DEVİRME PLANI CIA’YA VERİLDİ
İran için özgürlük dönemi çok uzun sürmedi. Başta Washington olmak üzere kapalı kapılar ardında Mussaddık`ın devrilmesi planlanmaya başlandı. Britanyalılar, Musaddık’ı dize getirmek için önce Meclis üyelerine hükümete güvensizlik oyu vermeleri için rüşvet dağıtma seçeneği denendi. Bunu öğrenen Musaddık Britanya Büyükelçiliğini kapatıp diplomatları memleketlerine postaladı. İngilizler ümitsizce Truman’a yöneldi. Acaba CIA bu eski dosta iltimas yapıp Musaddık’ı devirebilir miydi? 1953`te ABD Merkezi Haber alma Teşkilatı (CIA) harekete geçti ve Mussaddık`a karşı darbe yapıldı. Darbenin planlayıcısı ve uygulayıcısı ABD başkanlarından Franklin Roosevelt `in ailesinden gelen CIA Tahran İstasyon Şefi Kim Roosevelt ile Şah`ın dostu ve 1991 Körfez Savaşı`nda ABD ordusunun Komutanı Norman Schwarzkopf `un babası General Norman H. Schwarzkopf `tu...

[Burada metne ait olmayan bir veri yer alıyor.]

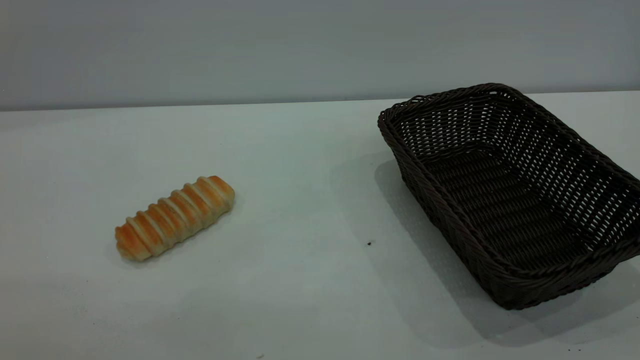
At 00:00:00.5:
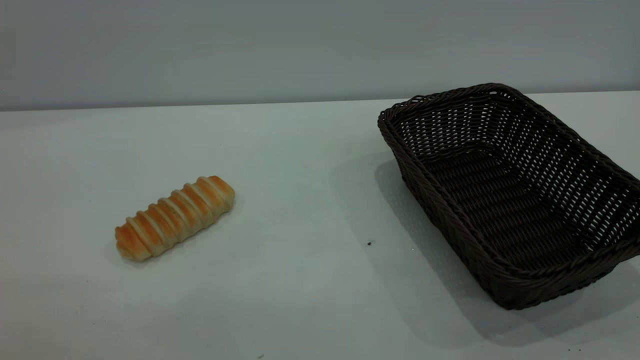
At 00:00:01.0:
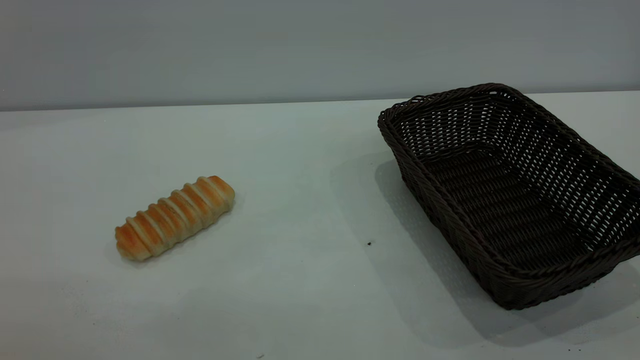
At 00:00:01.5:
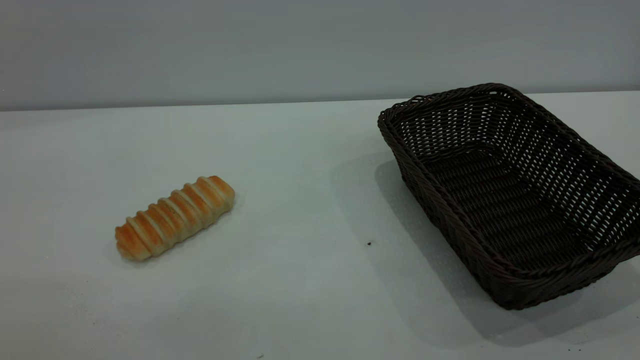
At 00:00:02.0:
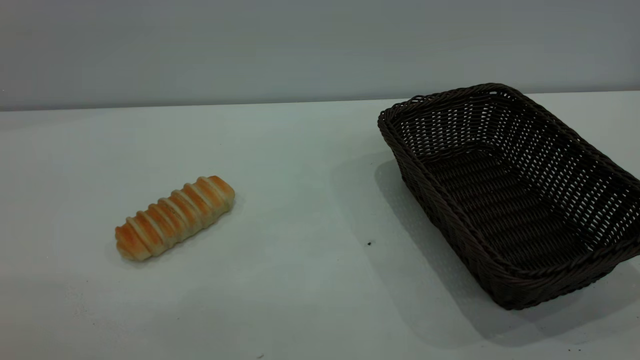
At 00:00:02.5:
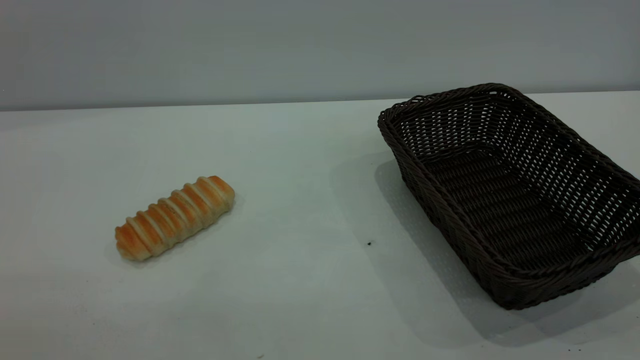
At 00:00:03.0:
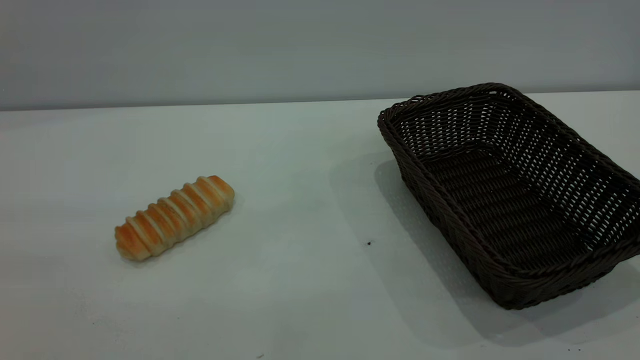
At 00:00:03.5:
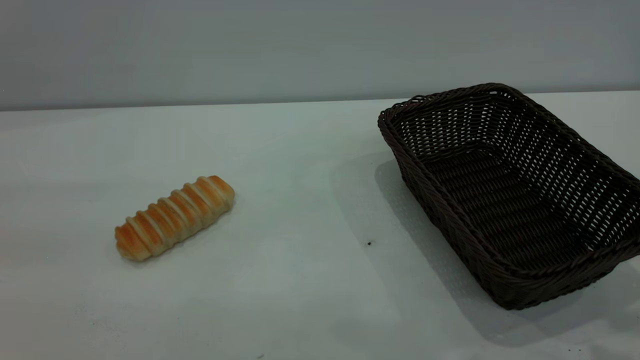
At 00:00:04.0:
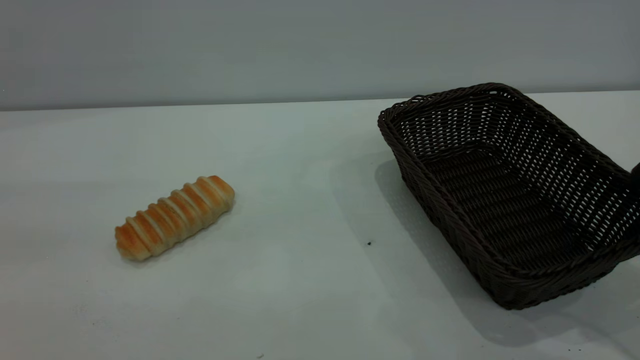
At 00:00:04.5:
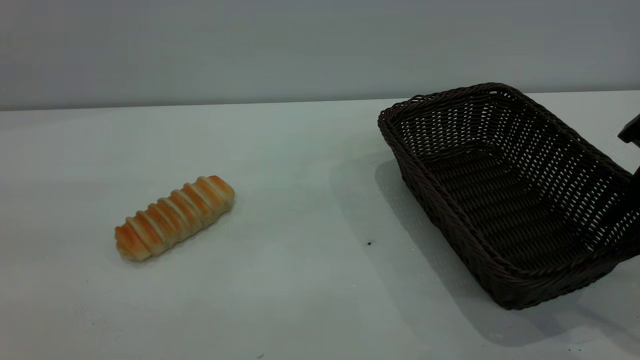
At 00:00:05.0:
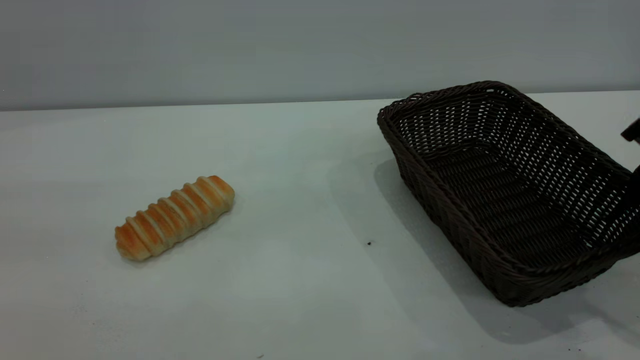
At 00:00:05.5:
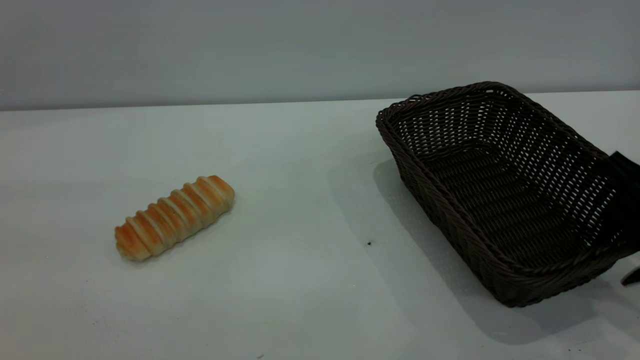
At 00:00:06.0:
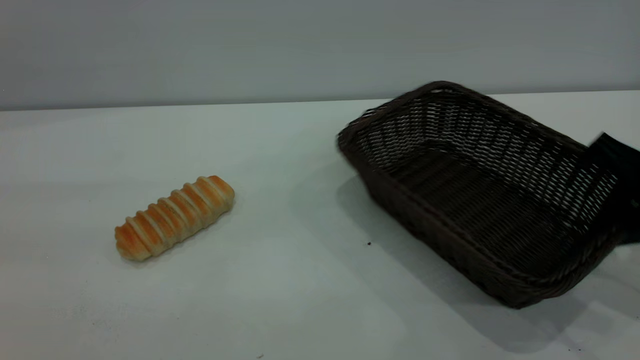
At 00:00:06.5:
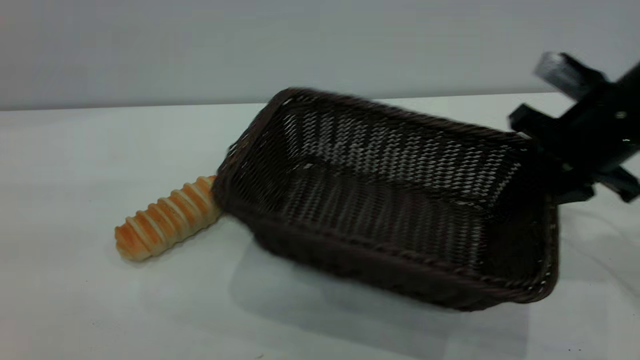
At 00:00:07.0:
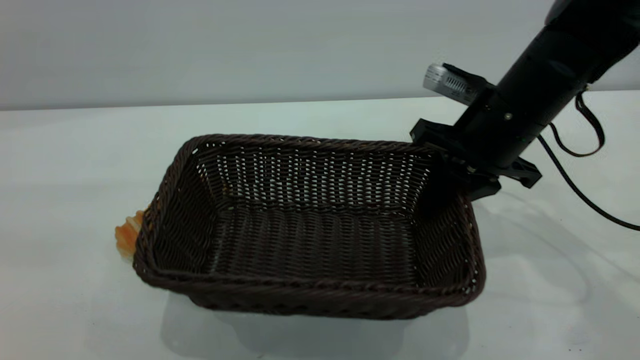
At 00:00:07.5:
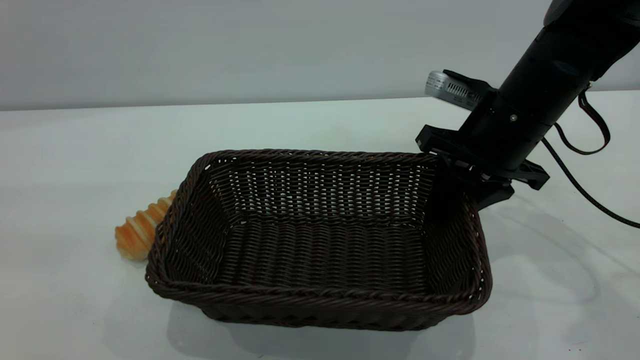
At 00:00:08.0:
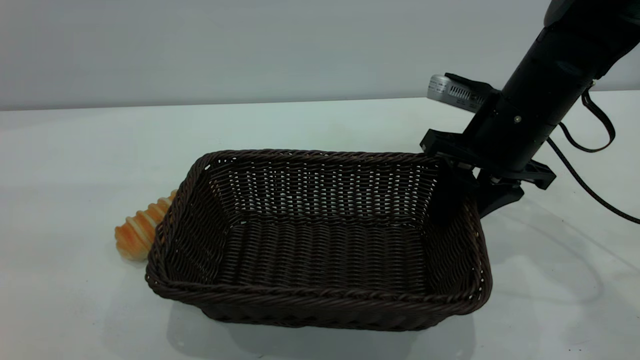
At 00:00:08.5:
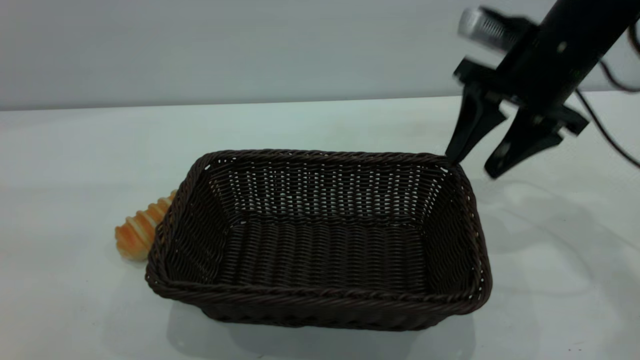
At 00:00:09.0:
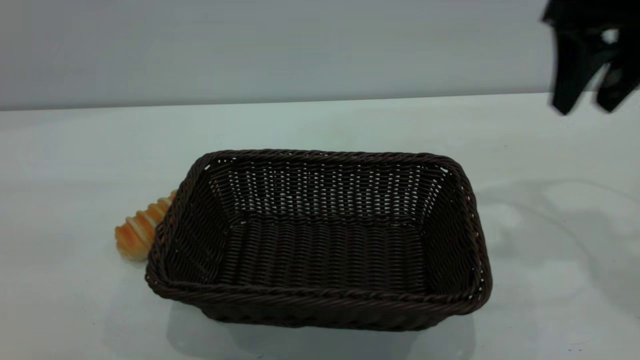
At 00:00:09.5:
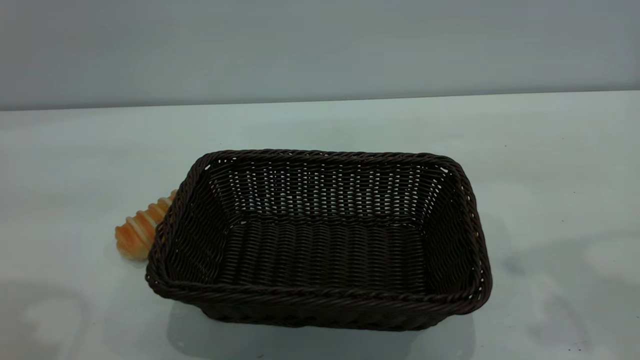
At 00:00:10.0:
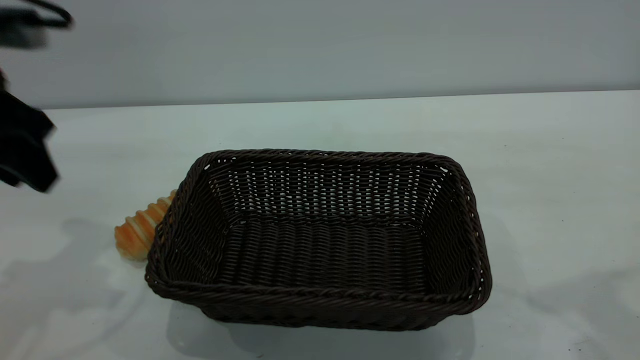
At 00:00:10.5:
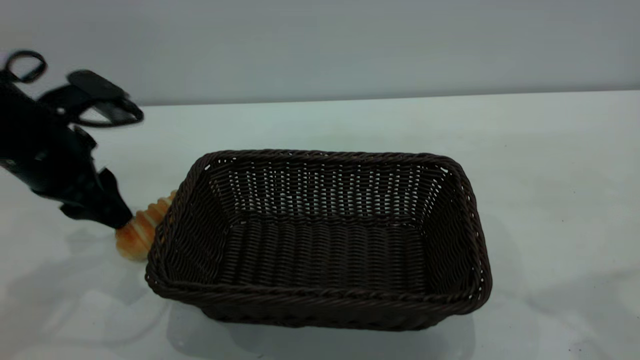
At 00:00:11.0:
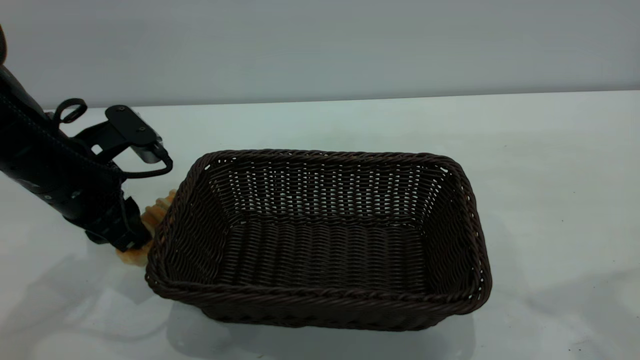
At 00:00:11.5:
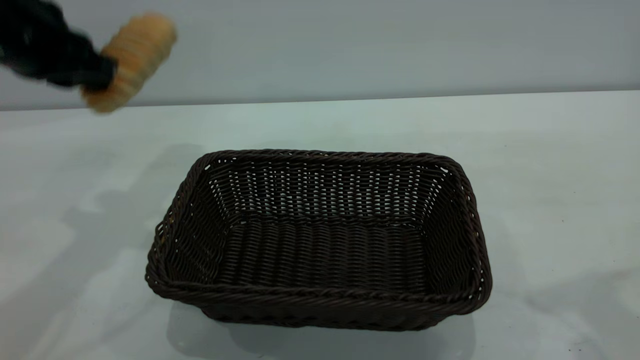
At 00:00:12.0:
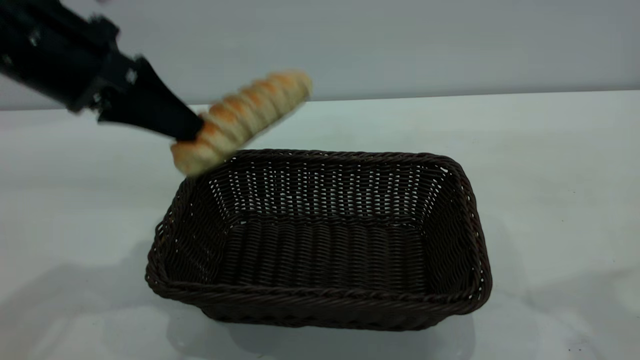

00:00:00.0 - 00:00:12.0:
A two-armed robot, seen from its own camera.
Task of the whole recording: One hand grasps the black basket and places it in the middle of the table, while the other hand picks up the long bread and puts it into the black basket.
Step, 00:00:00.0 - 00:00:08.5: Move the basket to the center of view.
00:00:00.0 - 00:00:02.0: Both grippers stay put.
00:00:04.0 - 00:00:06.0: The right gripper travels downward and forward by roughly 10 cm, and closes.
00:00:06.0 - 00:00:08.0: The right gripper is displaced to the left and forward by about 15 cm, and opens its fingers.
00:00:08.0 - 00:00:10.0: The left gripper heads forward and downward, covering roughly 20 cm. Meanwhile the right gripper goes some 25 cm upward and backward.
00:00:10.0 - 00:00:12.0: The left gripper travels to the right by about 5 cm, moves approximately 10 cm downward and comes back, and closes its fingers.

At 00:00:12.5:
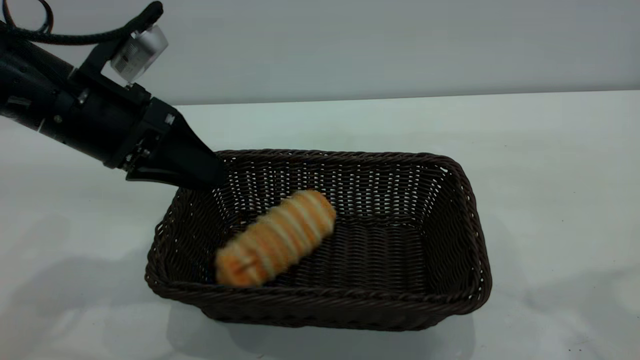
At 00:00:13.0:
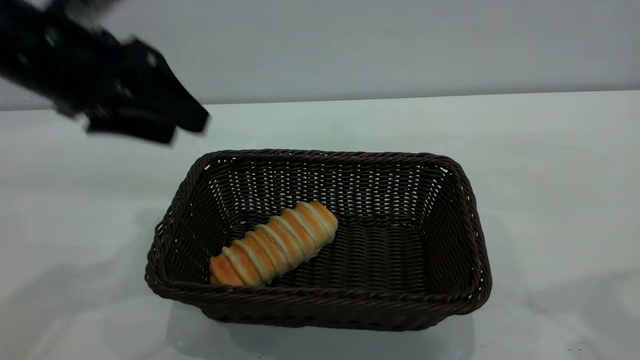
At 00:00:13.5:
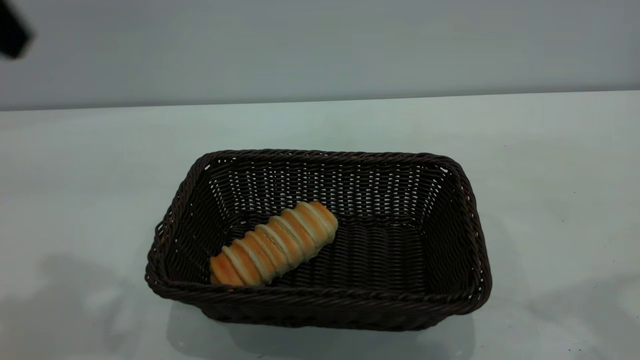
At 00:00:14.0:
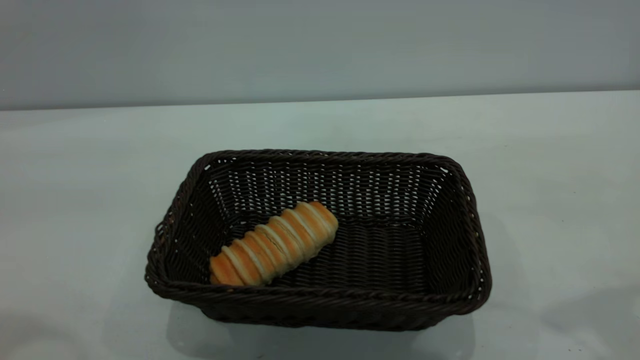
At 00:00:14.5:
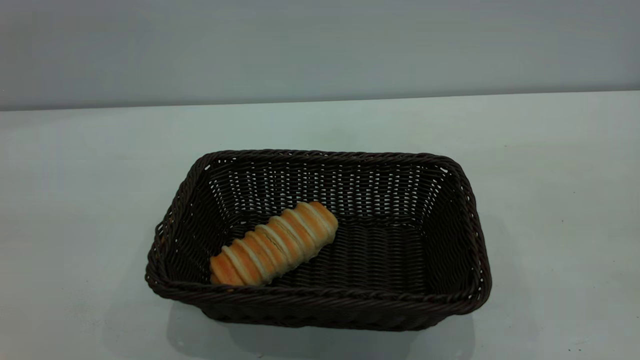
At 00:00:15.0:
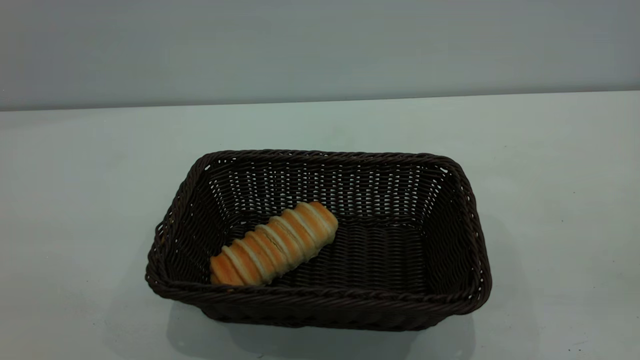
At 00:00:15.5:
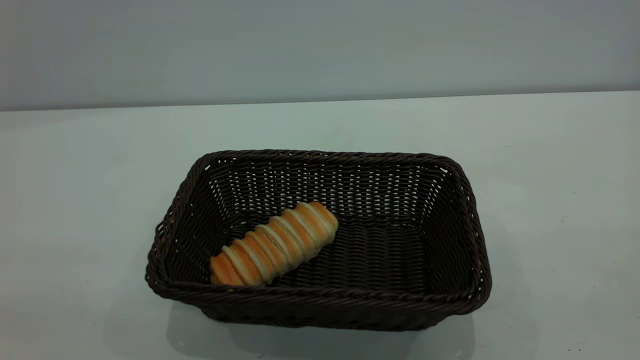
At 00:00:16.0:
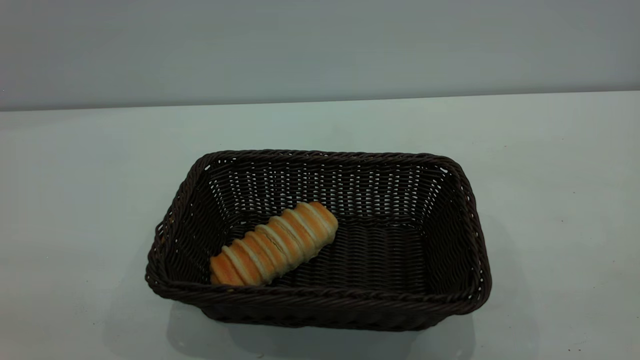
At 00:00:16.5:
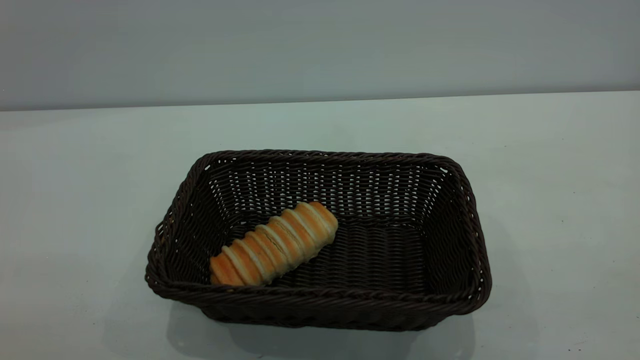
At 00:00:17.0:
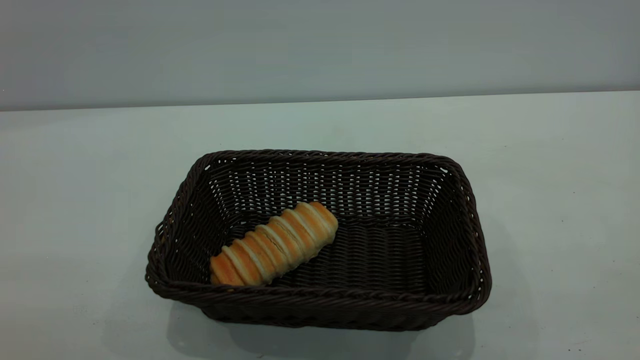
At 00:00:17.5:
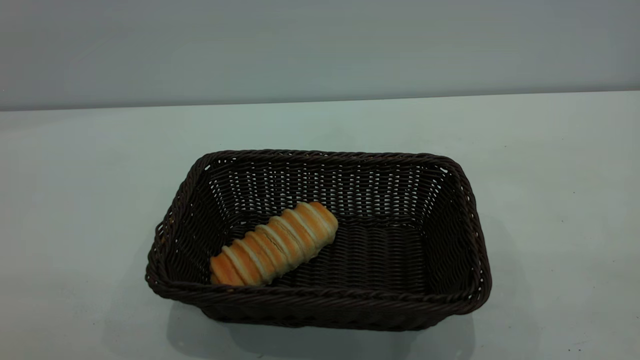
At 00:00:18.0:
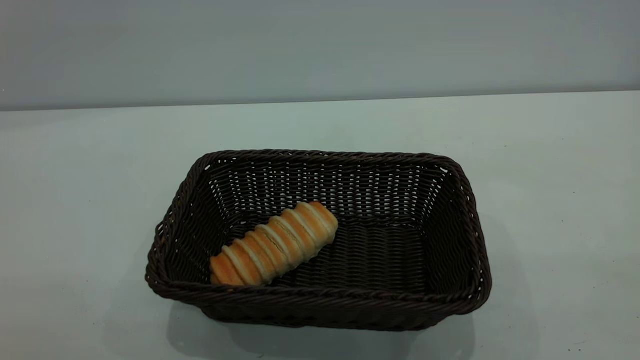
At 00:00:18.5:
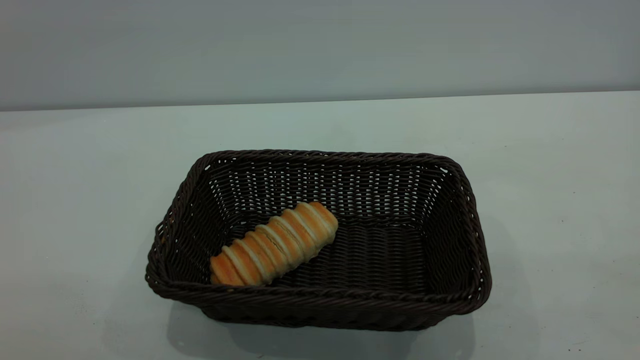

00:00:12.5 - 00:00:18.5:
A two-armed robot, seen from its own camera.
Task of the whole recording: One hand grasps the black basket and places it in the middle of the table, while the other hand picks up the long bread and puts it into the black basket.
00:00:12.5 - 00:00:14.5: The right gripper heads backward and upward, covering roughly 15 cm. Meanwhile the left gripper travels upward and backward by some 35 cm, and opens up.

YÜZ KİŞİ HAYATANI KAYBETTİ
Plan tam istenildiği gibi uygulanamadı ama başarıldı. Musaddık’ı kötülemek için köşe yazarlarına para dağıtıldı. Mollalar ve parlamentodakiler de ihmal edilmedi tabii. Musaddık için Yahudi, homoseksüel ve hatta İngiliz ajanı bile denildi. Ardından kilit konumdaki subayların ve polislerin aklı çelindi. Sokak gösterileri tertip edildi 19 Ağustos 1953 akşamında birkaç bin kişi Musaddık’ın evinin önüne geldi. Askeri birlikler de geldi ve ateş açtı. İçerdeki korumlar da ateş açınca üç yüz kişi öldü ve Musaddık dönemi sona erdi. O sırada, nüfusun yüzde en az 95`i Musaddık`ı destekliyordu. CIA’nın yaptığı Ajax Operasyonu dünyayı şekillendirecek olan müdahalelere çağını başlatacaktı. Darbeden önceki günlerde İran`dan kaçmış olan korkak Şah Muhamed Rıza, Roma’da bir otelde yemek yemekteyken gazeteciler Musaddık’ın devrildiğini o haber aldıkları için otele akın ettiler. İlk önce konuşamayacak kadar afalladı, sonra şunları söyledi: “Biliyordum. Beni seviyorlar.”
ŞAH TAHRAN’A DÖNDÜ…
Birkaç gün sonra Tahran’a geri dönen Şah, İranlıların arzularının tersine iktidara oturdu. General Schwarzkopf da İran Gizli Servisi Savak`a eğitim verdi. Böylece, Batılı güçlerin İran`daki çıkarları garanti altına alındı. İran petrolü Batılı şirketler arasında yeniden paylaştırıldı. Sonraki yirmi yıl içinde de Ortadoğu petrolünün yüzde 65`i Amerikan şirketlerine geçti. Şah, küresel güçlerin desteğini arkasına alıp iktidarını pekiştirdi. Yabancı şirketlere petrol üretme ve işletme hakkı yeniden tanındı. Yani Batı amacına ulaşmıştı. Ülke petrol zenginiydi, ama toplumdaki refah düzeyi bir türlü artmıyordu. Zenginlik toplumun alt tabakasına yansımadığı gibi, yoksulluk sonucu dini etkinin giderek artması, sıkıntılı bir sürecin de başlangıç noktasını oluşturdu. Şah Pehlevi 1953`ten sonra ülkede katı, baskıcı politikalara hız verdi. Sorunları çözmek yerine, toplumsal baskı uygulama yoluna gitti. Bu süreç 1979’a kadar devam etti.